Lu Han ne sut comment interpréter cette phrase. Elle était plutôt étrange. Au contraire, Lu Han désirait changer, se hisser au travers de ses démons et reprendre enfin confiance en lui. Mais, cela semblait si compliqué, il avait peur de tous les obstacles qui pouvaient se présenter sur sa route. Il préférait souffrir en silence quitte à broyer du noir chaque jour un plus.

Lu Han avait bien mangé, beaucoup trop mangé. Lui et Sehun marchait dans la grande rue piétonnes, l’un à côté de l’autre sans parler. Etrangement, ce n’était pas dérangeant, au contraire, cela était agréable. Même si, le roux préférait observer ses pieds plutôt que le monde qui l’entourait, aujourd’hui, il avait l’impression de respirer à nouveau. Soudainement, Sehun prit violemment sa main dans la sienne le rapprochant de lui, d’un geste vif.

-      Fais attention où tu marches, t’as failli te prendre le poteau en pleine face.

Lu Han avait les yeux grands ouverts, le cœur battant la chamade, il était choqué. Sehun tenait sa main dans la sienne. Il tenait sa main ! Le brun leva les yeux au ciel quand il le remarqua. Luhan était désespérant.

-      J-je suis désolé. S’excusa soudainement le roux.

Ses yeux étaient devenus larmoyant et ses frêles épaules tremblaient. Son visage était à l’abri des regards caché par la grande capuche du sweat. Il pouvait être transparent. Il ne l’était pas. Sehun soupira puis le prit doucement dans ses bras, faisant des gestes circulaires derrière son crâne.

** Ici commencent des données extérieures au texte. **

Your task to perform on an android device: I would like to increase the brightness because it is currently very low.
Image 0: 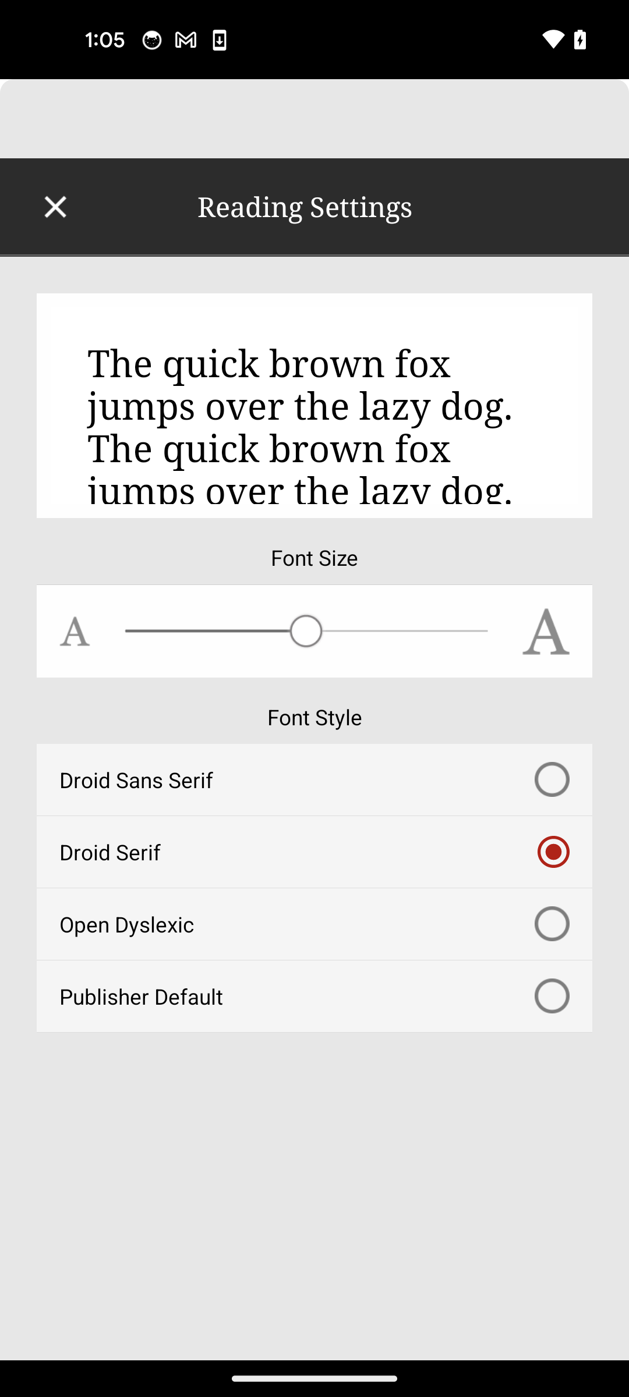
Tap on the cross icon 
Step 0: click (1260, 726)
Image 2: 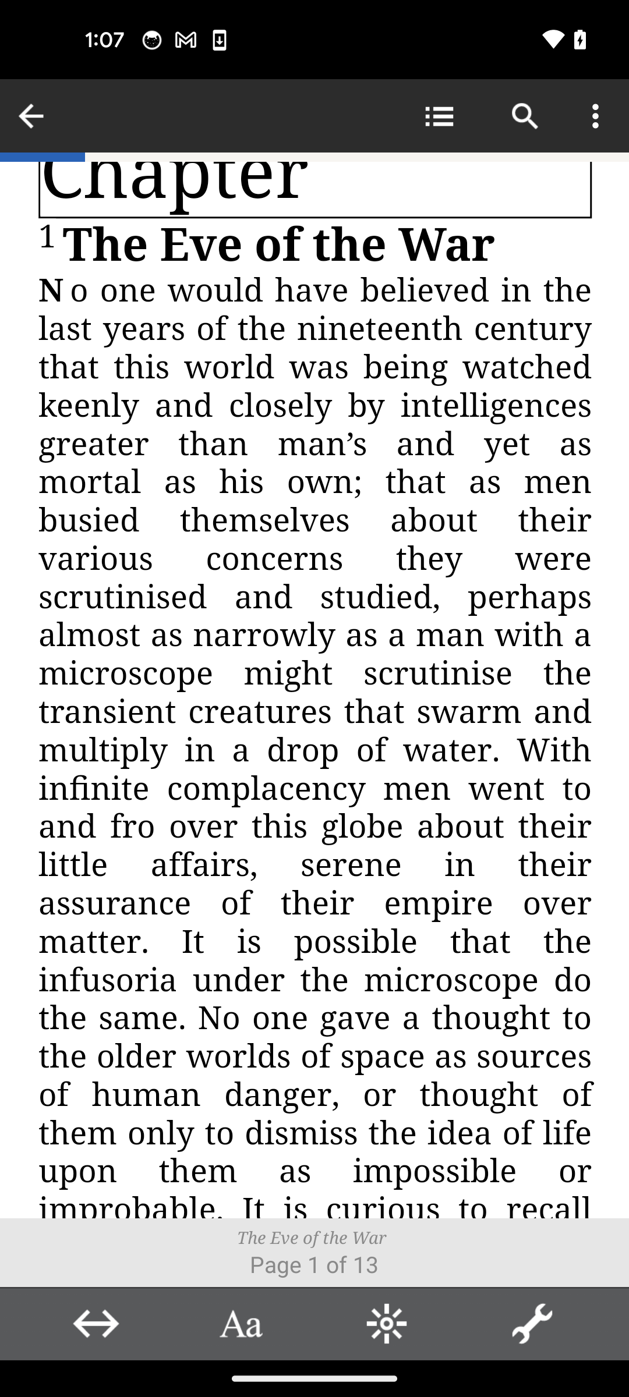
Click on the brightness icon
Step 2: click (387, 1323)
Image 3: 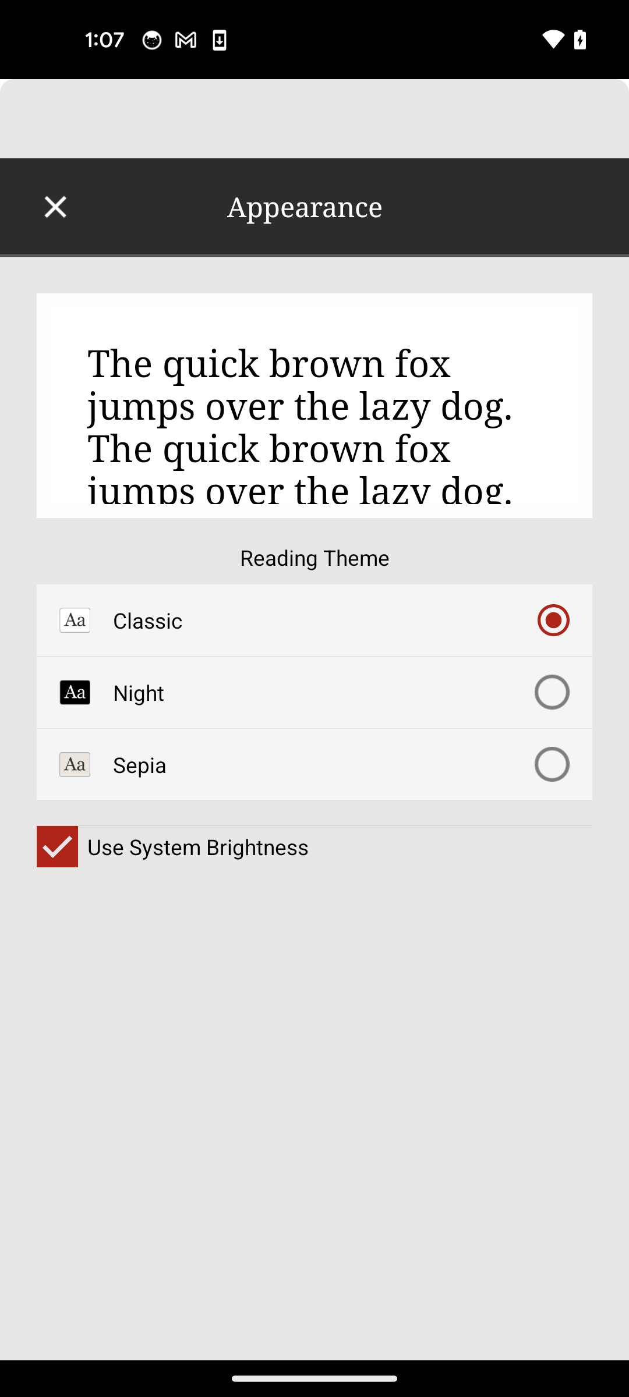
Tap on the square box
Step 3: click (1260, 726)
Image 4: 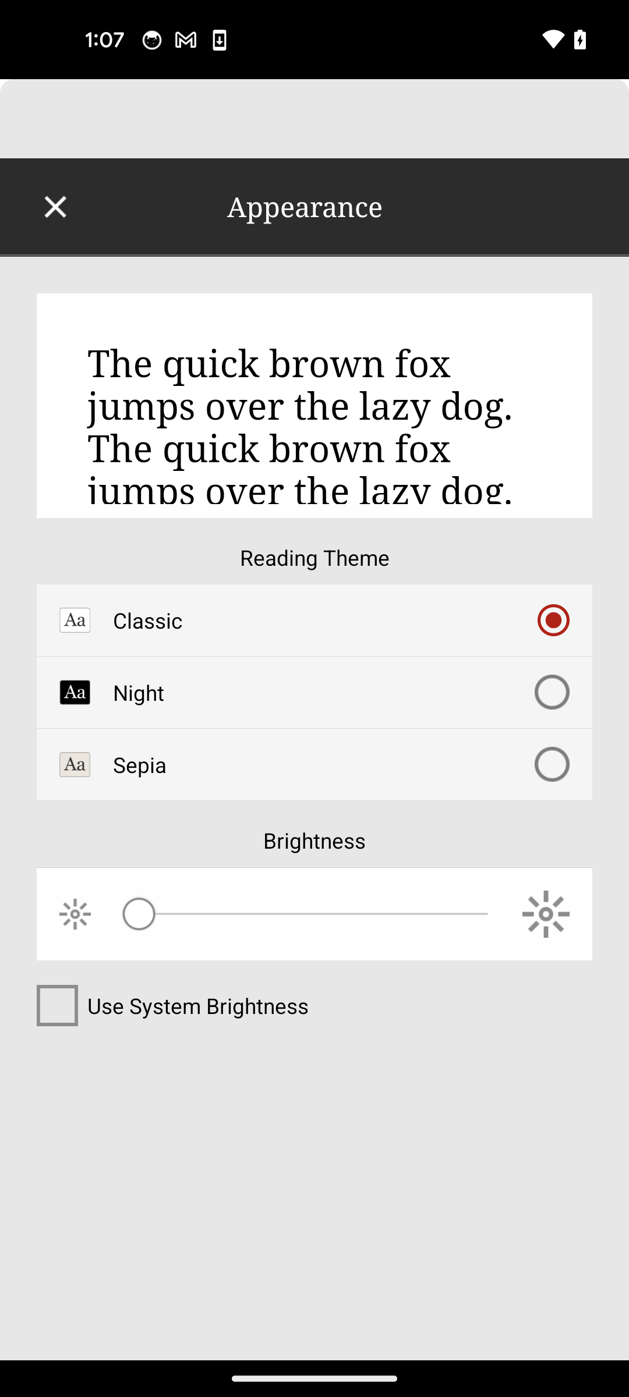
Swipe right to increase the brightness
Step 4: scroll left

-      C’est rien, ne pleure pas.

Sa voix était calme. Le roux osa soulever son visage afin de le regarder droit dans les yeux. Le brun avait une expression neutre ce qui rassura l’être chétif. Puis, un sourire naquit sur leurs lèvres, un sourire sincère, emplit d’innocence. Sehun déposa un chaste baiser sur les lippes de Lu Han.

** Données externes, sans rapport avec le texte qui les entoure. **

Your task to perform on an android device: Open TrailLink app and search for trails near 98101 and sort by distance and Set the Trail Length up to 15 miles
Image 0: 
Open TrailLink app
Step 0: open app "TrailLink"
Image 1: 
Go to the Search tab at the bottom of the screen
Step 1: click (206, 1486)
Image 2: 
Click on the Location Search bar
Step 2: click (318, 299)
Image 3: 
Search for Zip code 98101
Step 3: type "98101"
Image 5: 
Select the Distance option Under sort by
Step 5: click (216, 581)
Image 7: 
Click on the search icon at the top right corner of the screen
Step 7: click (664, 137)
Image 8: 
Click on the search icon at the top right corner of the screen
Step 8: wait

Pour la première fois, il était réellement important.

Assis dans le cinéma, Lu Han avait la tête posée sur l’épaule de Sehun, leurs doigts étaient entrelacés. Lu Han ne pensait à rien. Il se laissait bercer, il se laissait aller sans réfléchir. Sehun ne disait rien, il se contentait de caresser l’arrière de la main du roux avec son pouce.

Lu Han était précieux.

Sehun était siens.

Ils étaient dans leurs bulles. Lu Han vivait son rêve aux côtés de l’homme qu’il aimait. Il respirait normalement, les anges volaient à l’intérieur de son cœur. C’était la meilleure journée de toute sa vie.

Mais, la fin de journée arriva rapidement, trop rapidement. Sehun avait raccompagné le roux chez lui. Lu Han devait réviser pour ses partiels avait-il dit.

-      Appel-moi, si tu ne vas pas bien.

Le brun embrassa le front du petit puis partit sans se retourner. Le roux était planté, le visage brûlant, le cœur palpitant. Lorsqu’il ferma la porte, il ne put s’empêcher de crier comme une adolescente, son cœur était gonflé à son maximum. Il était sur un nuage. Nuage éphémère.

Quand la concentration disparue, la fumée noire devint la plus présente. Il n’y avait plus de sourire niais, ni de sentiments d’excitation. Il n’y avait plus que les larmes, les cris, les images malsaines… Sans réfléchir plus longtemps, le petit prit son téléphone et appela le maître de ses pensées. Il n’attendit que quelques sonneries avant que l’autre décroche. Rien que d’entendre le bruit de sa respiration faisait de l’effet au roux.

Fou de lui. Il était fou.

-      Je pensais que tu allais m’appeler plus rapidement…

Lu Han renifla s’allongeant sur son lit, essayant de rester concentrer sur sa voix.

-      Je révisais.

-      Ça t’empêche de penser à moi, je ne sais pas si ça doit m’attrister ou me rendre heureux.

Lu Han sourit tristement.

-      Les deux.

Il pensait toujours à lui, en bien ou en mal, il le hantait.

-      Et toi, tu pensais à moi ? Demanda le roux, le rouge aux joues.

Le brun sembla réfléchir.

-      Je pense chaque secondes à toi.

Le petit se cacha sous sa couverture, était-ce vrai ? Etait-ce faux ? Il ne savait pas, mais il préférait que cela soit la vérité.

-      Petite chose, tu me rends dingue.

La voix de Sehun résonna. Lu Han avait des papillons dans le ventre… Une horde de papillons s’envolaient dans son estomac. Un sentiment des plus délicieux.

Il était siens.

Il n’avait plus peur.

Il s’endormit au son de sa respiration. Merveilleuse mélodie.